CMPE361: Introduction to Hardware Security

Undergraduate Course, Rochester Institue of Technology, Fall 2023

The objective of this course is to build the knowledge and skills necessary to design, evaluate, and implement secure hardware systems. Course topics will span the fundamentals of hardware security and trust, which may include security principles and properties, encryption/decryption, side-channel attacks, hardware manufacture and test, physically uncloneable functions (PUF), true random number generation, hardware trojan detection, secure system design, and trusted execution environments. Laboratory assignments and projects facilitate the hands-on learning of course topics including cryptographic hardware design, side-channel attacks, integrated circuit test and verification, PUFs, true random number generation, and secure system design using a field programmable gate array (FPGA) and an embedded processor as an implementation platform.

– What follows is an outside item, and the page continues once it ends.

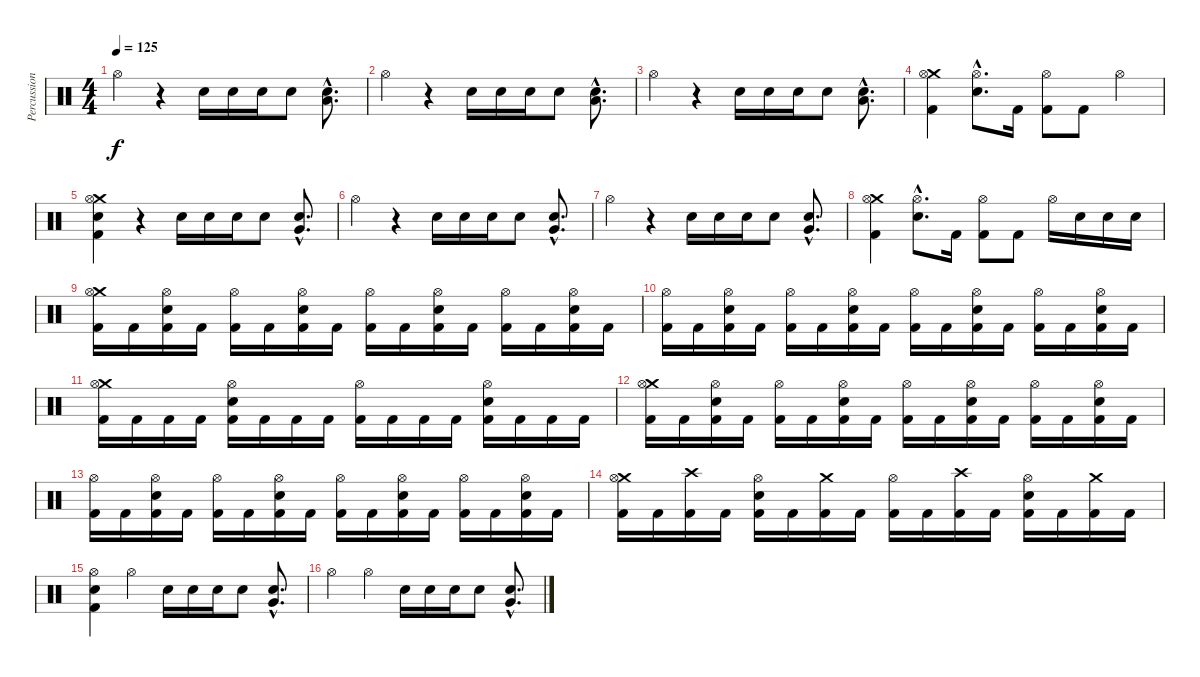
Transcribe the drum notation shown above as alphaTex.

CMPE530/630: Digital IC Design

Undergraduate/Graduate Course, Rochester Institue of Technology, Spring 2023

This course will cover the basic theory and techniques of Digital Integrated Circuit Design in CMOS technology. Topics include CMOS transistor theory and operation, design and implementation of CMOS circuits, fabrication process, layout and physical design, delay and power models, static and dynamic logic families, testing and verification, memory and nanoscale technologies. Laboratory assignments and project facilitate in hands-on learning of circuit-level design and simulation, layout and parasitic extractions, pre and post-layout verification and validation, full- custom flow and Synthesis based flow, using industry standard CAD tools.

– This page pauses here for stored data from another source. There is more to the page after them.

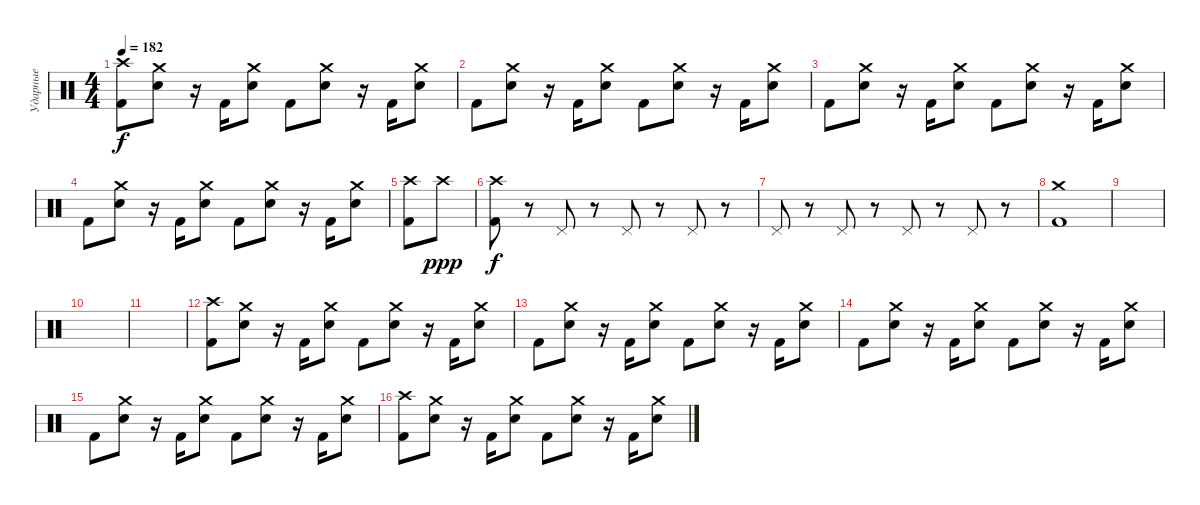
\track ("Ударные" "Ударные") {instrument percussion}
\staff {score}
\articulation defaults
\ts (4 4)
\tempo 182
\clef neutral
\ks c
("Crash high (hit)" "Kick (hit) 2").8{dy f} ("Crash medium (hit)" "Electric Snare (hit)").8 r.16 "Kick (hit) 2".16 ("Crash medium (hit)" "Electric Snare (hit)").8 "Kick (hit) 2".8 ("Crash medium (hit)" "Electric Snare (hit)").8 r.16 "Kick (hit) 2".16 ("Crash medium (hit)" "Electric Snare (hit)").8 |
"Kick (hit) 2".8 ("Crash medium (hit)" "Electric Snare (hit)").8 r.16 "Kick (hit) 2".16 ("Crash medium (hit)" "Electric Snare (hit)").8 "Kick (hit) 2".8 ("Crash medium (hit)" "Electric Snare (hit)").8 r.16 "Kick (hit) 2".16 ("Crash medium (hit)" "Electric Snare (hit)").8 |
"Kick (hit) 2".8 ("Crash medium (hit)" "Electric Snare (hit)").8 r.16 "Kick (hit) 2".16 ("Crash medium (hit)" "Electric Snare (hit)").8 "Kick (hit) 2".8 ("Crash medium (hit)" "Electric Snare (hit)").8 r.16 "Kick (hit) 2".16 ("Crash medium (hit)" "Electric Snare (hit)").8 |
"Kick (hit) 2".8 ("Crash medium (hit)" "Electric Snare (hit)").8 r.16 "Kick (hit) 2".16 ("Crash medium (hit)" "Electric Snare (hit)").8 "Kick (hit) 2".8 ("Crash medium (hit)" "Electric Snare (hit)").8 r.16 "Kick (hit) 2".16 ("Crash medium (hit)" "Electric Snare (hit)").8 |
("Crash high (hit)" "Kick (hit) 2").8 "Crash high (hit)".8{dy ppp} |
("Crash high (hit)" "Kick (hit) 2").8{dy f} r.8 "Pedal Hi-Hat (hit)".8 r.8 "Pedal Hi-Hat (hit)".8 r.8 "Pedal Hi-Hat (hit)".8 r.8 |
"Pedal Hi-Hat (hit)".8 r.8 "Pedal Hi-Hat (hit)".8 r.8 "Pedal Hi-Hat (hit)".8 r.8 "Pedal Hi-Hat (hit)".8 r.8 |
("Crash medium (hit)" "Kick (hit) 2").1 |
|
|
|
("Crash high (hit)" "Kick (hit) 2").8 ("Crash medium (hit)" "Electric Snare (hit)").8 r.16 "Kick (hit) 2".16 ("Crash medium (hit)" "Electric Snare (hit)").8 "Kick (hit) 2".8 ("Crash medium (hit)" "Electric Snare (hit)").8 r.16 "Kick (hit) 2".16 ("Crash medium (hit)" "Electric Snare (hit)").8 |
"Kick (hit) 2".8 ("Crash medium (hit)" "Electric Snare (hit)").8 r.16 "Kick (hit) 2".16 ("Crash medium (hit)" "Electric Snare (hit)").8 "Kick (hit) 2".8 ("Crash medium (hit)" "Electric Snare (hit)").8 r.16 "Kick (hit) 2".16 ("Crash medium (hit)" "Electric Snare (hit)").8 |
"Kick (hit) 2".8 ("Crash medium (hit)" "Electric Snare (hit)").8 r.16 "Kick (hit) 2".16 ("Crash medium (hit)" "Electric Snare (hit)").8 "Kick (hit) 2".8 ("Crash medium (hit)" "Electric Snare (hit)").8 r.16 "Kick (hit) 2".16 ("Crash medium (hit)" "Electric Snare (hit)").8 |
"Kick (hit) 2".8 ("Crash medium (hit)" "Electric Snare (hit)").8 r.16 "Kick (hit) 2".16 ("Crash medium (hit)" "Electric Snare (hit)").8 "Kick (hit) 2".8 ("Crash medium (hit)" "Electric Snare (hit)").8 r.16 "Kick (hit) 2".16 ("Crash medium (hit)" "Electric Snare (hit)").8 |
("Crash high (hit)" "Kick (hit) 2").8 ("Crash medium (hit)" "Electric Snare (hit)").8 r.16 "Kick (hit) 2".16 ("Crash medium (hit)" "Electric Snare (hit)").8 "Kick (hit) 2".8 ("Crash medium (hit)" "Electric Snare (hit)").8 r.16 "Kick (hit) 2".16 ("Crash medium (hit)" "Electric Snare (hit)").8

ENEE640: Digital CMOS VLSI Design

Graduate Course, University of Maryland, College Park, Spring 2021

Review of MOS transistors: fabrication, layout, characterization; CMOS circuit and logic design: circuit and logic simulation, fully complementary CMOS logic, pseudo-nMOS logic, dynamic CMOS logic, pass-transistor logic, clocking strategies; sub system design: ALUs, multipliers, memories, PLAs; architecture design: datapath, floorplanning, iterative cellular arrays, systolic arrays; VLSI algorithms; chip design and test: full custom design of chips, possible chip fabrication by MOSIS and subsequent chip testing.